**About this task**. Taking the line that contains "- humanoid robot [1553, 187, 1683, 458]" as the starting point, give again exactly every line up to and including the last line of the records below.

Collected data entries
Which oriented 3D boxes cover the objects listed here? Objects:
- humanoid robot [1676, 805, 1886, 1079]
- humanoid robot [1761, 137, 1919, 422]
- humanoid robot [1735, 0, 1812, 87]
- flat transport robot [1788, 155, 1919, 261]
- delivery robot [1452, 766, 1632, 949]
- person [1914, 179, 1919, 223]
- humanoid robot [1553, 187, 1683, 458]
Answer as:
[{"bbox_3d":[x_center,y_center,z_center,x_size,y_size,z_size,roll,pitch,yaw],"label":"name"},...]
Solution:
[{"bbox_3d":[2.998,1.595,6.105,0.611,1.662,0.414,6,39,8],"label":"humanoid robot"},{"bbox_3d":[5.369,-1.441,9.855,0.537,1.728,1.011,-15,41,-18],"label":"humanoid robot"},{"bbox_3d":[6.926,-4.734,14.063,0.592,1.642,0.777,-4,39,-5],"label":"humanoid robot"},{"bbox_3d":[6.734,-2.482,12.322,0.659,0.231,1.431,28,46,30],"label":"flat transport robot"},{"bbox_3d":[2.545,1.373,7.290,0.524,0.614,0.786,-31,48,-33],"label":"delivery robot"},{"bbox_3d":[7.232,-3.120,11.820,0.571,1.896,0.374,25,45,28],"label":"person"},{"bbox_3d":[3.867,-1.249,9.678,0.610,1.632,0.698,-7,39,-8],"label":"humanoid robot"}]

**Solution to this task**.
- humanoid robot [1553, 187, 1683, 458]
Answer as:
[{"bbox_3d":[x_center,y_center,z_center,x_size,y_size,z_size,roll,pitch,yaw],"label":"name"},...]
Solution:
[{"bbox_3d":[2.998,1.595,6.105,0.611,1.662,0.414,6,39,8],"label":"humanoid robot"},{"bbox_3d":[5.369,-1.441,9.855,0.537,1.728,1.011,-15,41,-18],"label":"humanoid robot"},{"bbox_3d":[6.926,-4.734,14.063,0.592,1.642,0.777,-4,39,-5],"label":"humanoid robot"},{"bbox_3d":[6.734,-2.482,12.322,0.659,0.231,1.431,28,46,30],"label":"flat transport robot"},{"bbox_3d":[2.545,1.373,7.290,0.524,0.614,0.786,-31,48,-33],"label":"delivery robot"},{"bbox_3d":[7.232,-3.120,11.820,0.571,1.896,0.374,25,45,28],"label":"person"},{"bbox_3d":[3.867,-1.249,9.678,0.610,1.632,0.698,-7,39,-8],"label":"humanoid robot"}]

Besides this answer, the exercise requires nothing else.